Un “tranquillo” sabato di poesia con…
… temporanea invasione di cicale: in ordine di apparizione Montale, Borges, Zagajewski e Cavalli.
60esimo appuntamento con “le cicale della settimana” ops con “la cicala del sabato” (*)
Prima del viaggio
Prima del viaggio si scrutano gli orari,
le coincidenze, le soste, le pernottazioni
e le prenotazioni (di camere con bagno
o doccia, a un letto o due o addirittura un flat);
si consultano
le guide Hacchette e quelle dei musei,
si cambiano valute, si dividono
franchi da escudos, rubli da copechi;
prima del viaggio si informa qualche amico o parente;
si controllano valige e passaporti, si completa
il corredo, si acquista un supplemento
di lamette da barba, eventualmente
si dá un’occhiata al testamento, pura
scaramanzia perché i disastri aerei
in percentuale sono nulla;
prima
del viaggio si é tranquilli ma si sospetta che il saggio
non si muova e che il piacere
di ritornare costi uno sproposito.
E poi si parte e tutto é O.K. e tutto
é per il meglio e inutile.
E ora che ne sará
del mio viaggio?
Troppo accuratamente l’ho studiato,
senza saperne nulla. Un imprevisto
é la sola speranza. Ma mi dicono
che è una stoltezza dirselo.
[da “Satura”]
Elogio dell’ombra
La vecchiaia (è questo il nome che gli altri gli danno)

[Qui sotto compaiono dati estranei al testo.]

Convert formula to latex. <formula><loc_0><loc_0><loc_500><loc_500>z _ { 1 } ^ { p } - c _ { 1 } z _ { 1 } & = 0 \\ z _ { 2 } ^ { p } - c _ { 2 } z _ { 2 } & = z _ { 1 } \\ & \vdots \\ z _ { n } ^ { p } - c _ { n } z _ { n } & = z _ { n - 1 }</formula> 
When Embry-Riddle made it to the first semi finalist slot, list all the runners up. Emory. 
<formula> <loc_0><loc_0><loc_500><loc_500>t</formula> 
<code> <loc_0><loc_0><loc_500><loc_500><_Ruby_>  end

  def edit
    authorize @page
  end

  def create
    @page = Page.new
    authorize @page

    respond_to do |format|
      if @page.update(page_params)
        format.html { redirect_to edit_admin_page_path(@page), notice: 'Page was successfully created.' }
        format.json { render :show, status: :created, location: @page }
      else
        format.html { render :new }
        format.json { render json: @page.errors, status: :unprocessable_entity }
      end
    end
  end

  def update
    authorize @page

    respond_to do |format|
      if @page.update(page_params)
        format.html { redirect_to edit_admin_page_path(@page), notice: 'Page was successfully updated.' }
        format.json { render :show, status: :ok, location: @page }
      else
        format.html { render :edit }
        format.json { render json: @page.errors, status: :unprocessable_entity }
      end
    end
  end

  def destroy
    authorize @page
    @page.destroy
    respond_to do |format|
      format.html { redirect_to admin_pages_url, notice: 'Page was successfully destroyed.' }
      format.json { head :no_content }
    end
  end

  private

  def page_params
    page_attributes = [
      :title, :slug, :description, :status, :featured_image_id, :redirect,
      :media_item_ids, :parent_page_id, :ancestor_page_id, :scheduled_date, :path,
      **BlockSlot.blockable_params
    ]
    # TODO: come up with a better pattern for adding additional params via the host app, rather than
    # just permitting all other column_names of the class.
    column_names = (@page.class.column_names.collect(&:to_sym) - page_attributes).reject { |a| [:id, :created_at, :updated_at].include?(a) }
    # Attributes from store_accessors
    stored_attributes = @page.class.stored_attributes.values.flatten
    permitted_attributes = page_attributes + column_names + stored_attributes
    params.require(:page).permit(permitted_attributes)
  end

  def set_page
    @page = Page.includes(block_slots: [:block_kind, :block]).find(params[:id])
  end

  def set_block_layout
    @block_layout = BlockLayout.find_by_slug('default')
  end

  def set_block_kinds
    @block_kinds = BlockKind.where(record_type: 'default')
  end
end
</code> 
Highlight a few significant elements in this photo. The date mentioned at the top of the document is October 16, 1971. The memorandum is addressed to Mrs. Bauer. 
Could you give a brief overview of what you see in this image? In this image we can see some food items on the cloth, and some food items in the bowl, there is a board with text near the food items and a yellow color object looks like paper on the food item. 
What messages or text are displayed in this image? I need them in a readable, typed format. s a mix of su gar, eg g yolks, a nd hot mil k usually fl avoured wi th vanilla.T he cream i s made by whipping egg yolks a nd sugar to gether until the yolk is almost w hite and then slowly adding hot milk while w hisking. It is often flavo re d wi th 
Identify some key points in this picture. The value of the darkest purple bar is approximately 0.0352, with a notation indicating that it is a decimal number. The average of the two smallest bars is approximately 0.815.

può essere per noi il tempo più felice.
È morto l’animale o quasi è morto.
Restano l’uomo e l’anima.
Vivo tra forme luminose e vaghe
che ancora non son tenebra.
Buenos Aires,
che un tempo si lacerava in sobborghi
verso la pianura incessante,
è di nuovo la Recoleta, il Retiro,
le confuse strade dell’Once
e le precarie case vecchie
che seguitiamo a chiamare il Sud.
Nella mia vita son sempre state troppe le cose;
Democrito di Abdera si strappò gli occhi per pensare;
il tempo è stato il mio Democrito.
Questa penombra è lenta e non fa male;
scorre per un mite pendio
e somiglia all’eterno.
Gli amici miei non hanno volto,
le donne son quello che furono in anni lontani,
i cantoni sono gli stessi e altri,
non hanno lettere i fogli dei libri.
Dovrebbe impaurirmi tutto questo
e invece è una dolcezza, un ritornare.
Delle generazioni di testi che ha la terra
non ne avrò letti che alcuni,
quelli che leggo ancora nel ricordo,
che rileggo e trasformo.
Dal Sud, dall’Est, dal Nord e dall’Ovest
convergono le vie che mi han condotto
al mio centro segreto.
Vie che furono già echi e passi,
donne, uomini, agonie e risorgere,
giorni con notti,
sogni e immagini del dormiveglia,
ogni minimo istante dello ieri
e degli ieri del mondo,
la salda spada del danese e la luna del persiano,
gli atti dei morti,
l’amore condiviso, le parole,
ed Emerson, la neve, e quanto ancora.
Posso infine scordare. Giungo al centro,
alla mia chiave, all’algebra,
al mio specchio.
Presto saprò chi sono.
[traduzione di Francesco Tentori Montaldo]
Senza flash!
(un divieto spesso incontrato nei musei italiani)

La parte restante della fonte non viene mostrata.